**Supplied records:**
== Segment start ==
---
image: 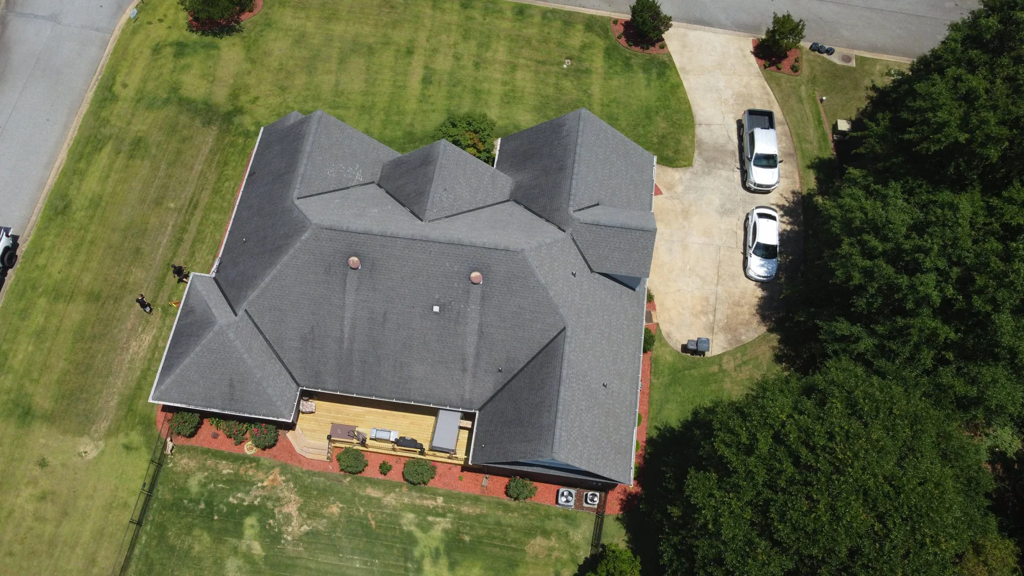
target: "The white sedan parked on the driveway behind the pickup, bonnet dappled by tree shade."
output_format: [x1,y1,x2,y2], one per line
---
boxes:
== Segment end ==
**What you have to do:**
I'd like the material repeated word for word, without the pictures it holds.

**Task result:**
---
image: 
target: "The white sedan parked on the driveway behind the pickup, bonnet dappled by tree shade."
output_format: [x1,y1,x2,y2], one per line
---
boxes:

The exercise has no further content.